I wonder if they paid off?
Joe Doakes
Apparently the Pillsbury Foundation doesn’t want that much “art“.
The Magical Number!: Another attendee at the South Minneapolis location – like Doakes, a Twin Cities attorney – writes:
I’d say more than five [people got their guns purchased by the buyback] but less than 10. There was a three gun limit that wasn’t enforced so there were a couple people at the front that brought in more than three.
The cop in full uniform said he thought they brought a couple thousand [dollars] in gift cards to start off with.
Even if it was 3,000 that’s only enough for 15 handguns. Totally inadequate.
If we assume these two attorneys’ accounts are accurate (and I do), then the Star Tribune claim that the buy-backs “took 150 guns off the street” – indicates to me that the Strib’s writer, Liz Sawyer, took the number from the Pillsbury Foundation’s press release without asking any questions.
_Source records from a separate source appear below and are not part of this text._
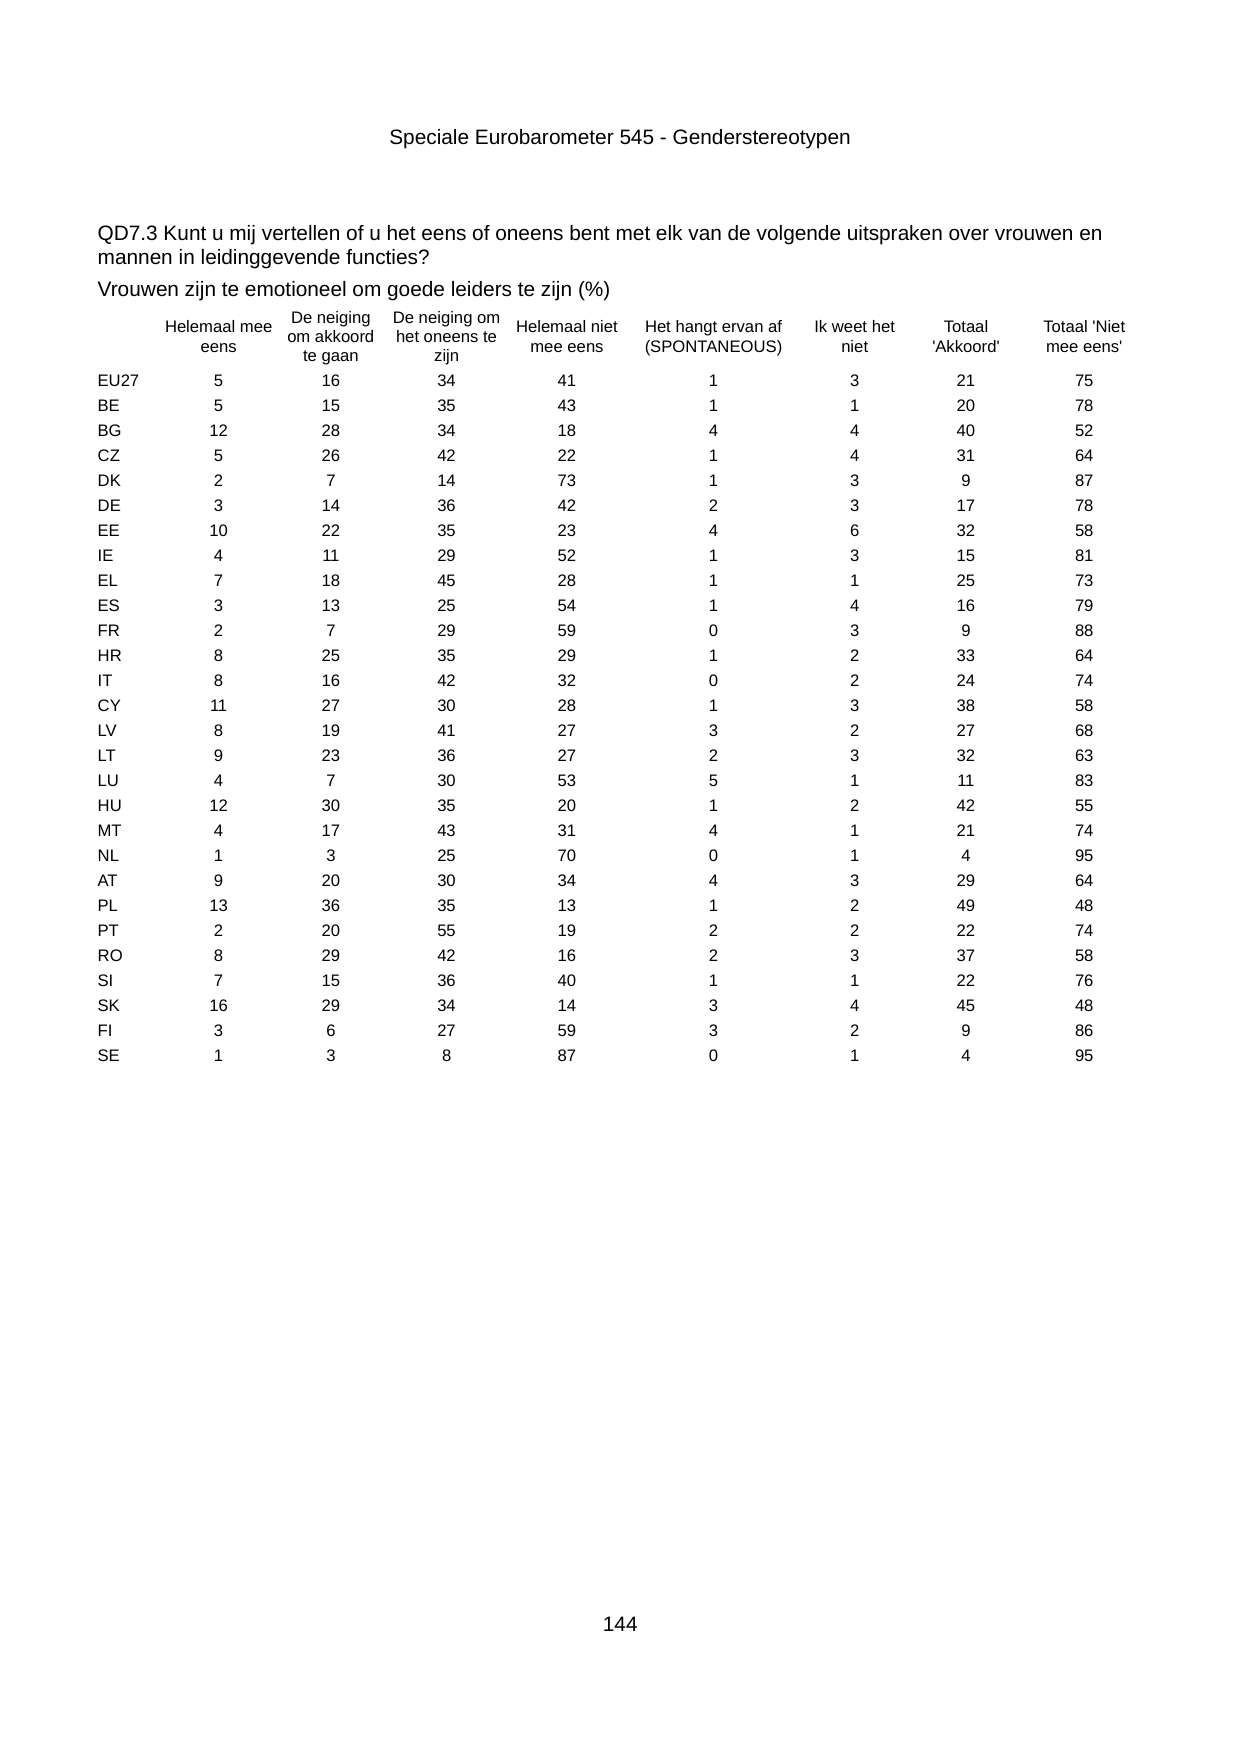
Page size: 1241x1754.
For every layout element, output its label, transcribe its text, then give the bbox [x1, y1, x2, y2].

table_cell 28 [507, 693, 627, 718]
table_cell 70 [507, 843, 627, 868]
table_cell 12 [162, 418, 275, 443]
table_cell 30 [275, 793, 386, 818]
table_cell 0 [627, 618, 800, 643]
table_cell 3 [162, 593, 275, 618]
table_cell De neiging om akkoord te gaan [275, 305, 386, 368]
table_cell 27 [507, 743, 627, 768]
table_cell FI [95, 1018, 162, 1043]
table_cell 3 [162, 493, 275, 518]
table_cell 1 [627, 543, 800, 568]
table_cell 4 [162, 818, 275, 843]
table_cell 3 [800, 868, 909, 893]
table_cell 41 [507, 368, 627, 393]
table_cell 95 [1022, 843, 1146, 868]
table_cell 2 [627, 743, 800, 768]
table_cell 31 [507, 818, 627, 843]
table_cell 5 [627, 768, 800, 793]
table_cell 2 [800, 1018, 909, 1043]
table_cell 40 [507, 968, 627, 993]
table_cell 3 [800, 493, 909, 518]
table_cell 22 [507, 443, 627, 468]
table_cell 3 [275, 1043, 386, 1068]
table_cell 9 [909, 618, 1022, 643]
table_cell EE [95, 518, 162, 543]
table_cell 1 [627, 468, 800, 493]
table_cell 95 [1022, 1043, 1146, 1068]
table_cell 4 [800, 993, 909, 1018]
table_cell 48 [1022, 993, 1146, 1018]
table_cell 3 [162, 1018, 275, 1043]
table_cell 3 [627, 1018, 800, 1043]
table_cell PL [95, 893, 162, 918]
table_cell 4 [800, 443, 909, 468]
table_cell 29 [275, 943, 386, 968]
table_cell 40 [909, 418, 1022, 443]
table_cell LU [95, 768, 162, 793]
table_cell 76 [1022, 968, 1146, 993]
table_cell [95, 305, 162, 368]
table_cell 29 [909, 868, 1022, 893]
table_cell LT [95, 743, 162, 768]
table_cell 55 [1022, 793, 1146, 818]
table_cell 37 [909, 943, 1022, 968]
table_cell 42 [909, 793, 1022, 818]
table_cell 25 [909, 568, 1022, 593]
table_cell 6 [275, 1018, 386, 1043]
table_cell 4 [627, 518, 800, 543]
table_cell De neiging om het oneens te zijn [386, 305, 507, 368]
table_cell 8 [386, 1043, 507, 1068]
table_cell 42 [386, 668, 507, 693]
table_cell Helemaal niet mee eens [507, 305, 627, 368]
table_cell 14 [386, 468, 507, 493]
table_cell 4 [909, 843, 1022, 868]
table_cell 19 [507, 918, 627, 943]
table_cell EU27 [95, 368, 162, 393]
table_cell 4 [909, 1043, 1022, 1068]
table_cell 20 [909, 393, 1022, 418]
table_cell 35 [386, 518, 507, 543]
table_cell 20 [275, 918, 386, 943]
table_cell 1 [627, 643, 800, 668]
table_cell 22 [909, 918, 1022, 943]
table_cell 13 [275, 593, 386, 618]
table_cell 23 [507, 518, 627, 543]
table_cell IT [95, 668, 162, 693]
table_cell 3 [800, 368, 909, 393]
table_cell 22 [275, 518, 386, 543]
table_cell 25 [386, 593, 507, 618]
table_cell 4 [800, 593, 909, 618]
table_cell 1 [800, 768, 909, 793]
table_cell 9 [909, 1018, 1022, 1043]
table_cell RO [95, 943, 162, 968]
table_cell 8 [162, 718, 275, 743]
table_cell 43 [386, 818, 507, 843]
table_cell 30 [386, 868, 507, 893]
table_cell 35 [386, 643, 507, 668]
table_cell 55 [386, 918, 507, 943]
table_cell CY [95, 693, 162, 718]
table_cell 74 [1022, 668, 1146, 693]
table_cell 2 [800, 668, 909, 693]
table_cell SI [95, 968, 162, 993]
table_cell 16 [909, 593, 1022, 618]
table_cell 1 [627, 393, 800, 418]
table_cell 29 [386, 543, 507, 568]
table_cell SE [95, 1043, 162, 1068]
table_cell 13 [507, 893, 627, 918]
table_cell 33 [909, 643, 1022, 668]
table_cell 32 [909, 518, 1022, 543]
table_cell 3 [627, 993, 800, 1018]
table_cell 78 [1022, 493, 1146, 518]
table_cell 3 [800, 693, 909, 718]
table_cell 1 [627, 793, 800, 818]
table_cell 2 [800, 918, 909, 943]
table_cell 73 [507, 468, 627, 493]
table_cell Helemaal mee eens [162, 305, 275, 368]
table_cell 15 [275, 393, 386, 418]
table_cell 58 [1022, 693, 1146, 718]
table_cell 81 [1022, 543, 1146, 568]
table_cell 42 [386, 443, 507, 468]
table_cell 22 [909, 968, 1022, 993]
table_cell 1 [800, 393, 909, 418]
table_cell 78 [1022, 393, 1146, 418]
table_cell 13 [162, 893, 275, 918]
table_cell 2 [627, 493, 800, 518]
table_cell 7 [275, 468, 386, 493]
table_cell 27 [275, 693, 386, 718]
table_cell 68 [1022, 718, 1146, 743]
table_header QD7.3 Kunt u mij vertellen of u het eens of oneens bent met elk van de volgende uitspraken over vrouwen en mannen in leidinggevende functies? [95, 217, 1146, 272]
table_cell 30 [386, 693, 507, 718]
table_cell CZ [95, 443, 162, 468]
table_cell 16 [275, 368, 386, 393]
table_cell 87 [1022, 468, 1146, 493]
table_cell 32 [909, 743, 1022, 768]
table_cell 27 [386, 1018, 507, 1043]
table_cell 34 [386, 368, 507, 393]
table_cell 17 [275, 818, 386, 843]
table_cell 58 [1022, 518, 1146, 543]
table_cell 8 [162, 668, 275, 693]
table_cell 87 [507, 1043, 627, 1068]
table_cell 53 [507, 768, 627, 793]
table_cell 9 [909, 468, 1022, 493]
table_cell SK [95, 993, 162, 1018]
table_cell 14 [275, 493, 386, 518]
table_cell 2 [800, 793, 909, 818]
table_cell 45 [386, 568, 507, 593]
table_cell 34 [507, 868, 627, 893]
table_cell 3 [800, 543, 909, 568]
table_cell HU [95, 793, 162, 818]
table_cell 2 [800, 643, 909, 668]
table_cell 21 [909, 368, 1022, 393]
table_cell 4 [162, 768, 275, 793]
table_cell 34 [386, 993, 507, 1018]
table_cell 59 [507, 1018, 627, 1043]
table_cell 1 [627, 693, 800, 718]
table_cell 9 [162, 743, 275, 768]
table_cell 79 [1022, 593, 1146, 618]
table_cell 3 [800, 943, 909, 968]
table_cell 83 [1022, 768, 1146, 793]
table_cell 1 [800, 843, 909, 868]
table_cell HR [95, 643, 162, 668]
table_cell 3 [800, 618, 909, 643]
table_cell 45 [909, 993, 1022, 1018]
table_cell 29 [386, 618, 507, 643]
table_cell 2 [800, 718, 909, 743]
table_cell 4 [627, 818, 800, 843]
table_cell 32 [507, 668, 627, 693]
table_cell 52 [507, 543, 627, 568]
table_cell 36 [386, 743, 507, 768]
table_cell 2 [162, 468, 275, 493]
table_cell 4 [627, 418, 800, 443]
table_cell 63 [1022, 743, 1146, 768]
table_cell 52 [1022, 418, 1146, 443]
table_cell 30 [386, 768, 507, 793]
table_cell 24 [909, 668, 1022, 693]
table_cell 8 [162, 643, 275, 668]
table_cell 2 [627, 943, 800, 968]
table_cell 0 [627, 668, 800, 693]
table_cell MT [95, 818, 162, 843]
table_cell 35 [386, 393, 507, 418]
table_cell 1 [800, 568, 909, 593]
table_cell 1 [627, 893, 800, 918]
table_cell 29 [275, 993, 386, 1018]
table_cell 7 [275, 768, 386, 793]
table_cell 4 [162, 543, 275, 568]
table_cell 18 [275, 568, 386, 593]
table_cell 1 [627, 443, 800, 468]
table_cell 4 [800, 418, 909, 443]
table_cell 16 [275, 668, 386, 693]
table_cell Ik weet het niet [800, 305, 909, 368]
table_cell EL [95, 568, 162, 593]
table_cell 1 [162, 1043, 275, 1068]
table_cell 29 [507, 643, 627, 668]
table_cell 1 [627, 968, 800, 993]
table_cell 38 [909, 693, 1022, 718]
table_cell 3 [275, 843, 386, 868]
table_cell 59 [507, 618, 627, 643]
table_cell 0 [627, 843, 800, 868]
table_cell 7 [162, 568, 275, 593]
table_cell 25 [386, 843, 507, 868]
table_cell 9 [162, 868, 275, 893]
table_cell 54 [507, 593, 627, 618]
table_cell 3 [800, 743, 909, 768]
table_cell Totaal 'Akkoord' [909, 305, 1022, 368]
table_cell 2 [800, 893, 909, 918]
table_cell IE [95, 543, 162, 568]
table_cell 35 [386, 793, 507, 818]
table_cell 74 [1022, 918, 1146, 943]
table_cell PT [95, 918, 162, 943]
table_cell 48 [1022, 893, 1146, 918]
table_cell 12 [162, 793, 275, 818]
table_cell 26 [275, 443, 386, 468]
table_cell 5 [162, 393, 275, 418]
table_cell 1 [627, 593, 800, 618]
table_cell 42 [507, 493, 627, 518]
table_cell DK [95, 468, 162, 493]
table_cell 1 [627, 368, 800, 393]
table_cell 35 [386, 893, 507, 918]
table_cell 7 [162, 968, 275, 993]
table_cell 58 [1022, 943, 1146, 968]
table_cell 36 [275, 893, 386, 918]
table_cell 7 [275, 618, 386, 643]
table_cell FR [95, 618, 162, 643]
table_cell 64 [1022, 643, 1146, 668]
table_cell 41 [386, 718, 507, 743]
table_cell 1 [627, 568, 800, 593]
table_cell 18 [507, 418, 627, 443]
table_cell 86 [1022, 1018, 1146, 1043]
table_cell 1 [162, 843, 275, 868]
table_cell 64 [1022, 868, 1146, 893]
table_cell 8 [162, 943, 275, 968]
table_cell 1 [800, 818, 909, 843]
table_cell 2 [162, 618, 275, 643]
table_cell 73 [1022, 568, 1146, 593]
table_cell 27 [507, 718, 627, 743]
table_cell 11 [909, 768, 1022, 793]
table_cell 27 [909, 718, 1022, 743]
table_cell 10 [162, 518, 275, 543]
table_cell 1 [800, 968, 909, 993]
table_cell 16 [507, 943, 627, 968]
table_cell 20 [507, 793, 627, 818]
table_cell 36 [386, 493, 507, 518]
table_cell 14 [507, 993, 627, 1018]
table_cell 11 [275, 543, 386, 568]
table_cell 31 [909, 443, 1022, 468]
table_cell 11 [162, 693, 275, 718]
table_cell 4 [627, 868, 800, 893]
table_cell 88 [1022, 618, 1146, 643]
table_cell 15 [275, 968, 386, 993]
table_cell 74 [1022, 818, 1146, 843]
table_cell 20 [275, 868, 386, 893]
table_cell 75 [1022, 368, 1146, 393]
table_cell 6 [800, 518, 909, 543]
table_cell 3 [627, 718, 800, 743]
table_cell 5 [162, 368, 275, 393]
table_cell 2 [627, 918, 800, 943]
table_cell 15 [909, 543, 1022, 568]
table_cell AT [95, 868, 162, 893]
table_cell NL [95, 843, 162, 868]
table_cell LV [95, 718, 162, 743]
table_cell 36 [386, 968, 507, 993]
table_cell 49 [909, 893, 1022, 918]
table_cell ES [95, 593, 162, 618]
table_cell 21 [909, 818, 1022, 843]
table_cell Het hangt ervan af (SPONTANEOUS) [627, 305, 800, 368]
table_cell BG [95, 418, 162, 443]
table_cell 28 [275, 418, 386, 443]
table_cell DE [95, 493, 162, 518]
table_cell 42 [386, 943, 507, 968]
table_cell 23 [275, 743, 386, 768]
table_cell 16 [162, 993, 275, 1018]
table_cell 5 [162, 443, 275, 468]
table_cell Totaal 'Niet mee eens' [1022, 305, 1146, 368]
table_cell 19 [275, 718, 386, 743]
table_cell 43 [507, 393, 627, 418]
table_cell 0 [627, 1043, 800, 1068]
table_cell BE [95, 393, 162, 418]
table_cell 34 [386, 418, 507, 443]
table_cell 2 [162, 918, 275, 943]
table_cell 1 [800, 1043, 909, 1068]
table_cell 17 [909, 493, 1022, 518]
table_cell 28 [507, 568, 627, 593]
table_cell Vrouwen zijn te emotioneel om goede leiders te zijn (%) [95, 273, 1146, 305]
table_cell 25 [275, 643, 386, 668]
table_cell 64 [1022, 443, 1146, 468]
table_cell 3 [800, 468, 909, 493]

And further evidence Ms. Sawyer has some learning to do about this issue (emphasis added):
Long after the buyback closed, a Brainerd man stood nearby with a cardboard sign reading “Will Pay More 4 Guns.” He said he was hoping to buy some antique weapons with historical value. He typically only asks sellers for an ID and their permit to carry.
And right there, Sawyer and the Strib play into the hysteria, and prove they don’t know what they’re talking about.
The permit means they have a clean criminal record. You have to prove you have a clean record to get the permit in the first place.
But I’ll cut Sawyer some slack, if only for this quote:
Others criticized the event for failing to attract the kind of firearms typically used in shootings. “There are police here,” said Phillip Murphy, owner of a North Side flower shop. “The bad guys know that and aren’t coming.”
Well, duh. Gun buybacks are to street crime what the TSA line is to hijackings; theater to make you think something is being done. It’s like the people in the dreamsicle shirts with their sanctimonious rallies far from where the violence is; giving old, hacked-out guns to “artists” just makes people in the non-profit community feel better about ignoring all those dead black people.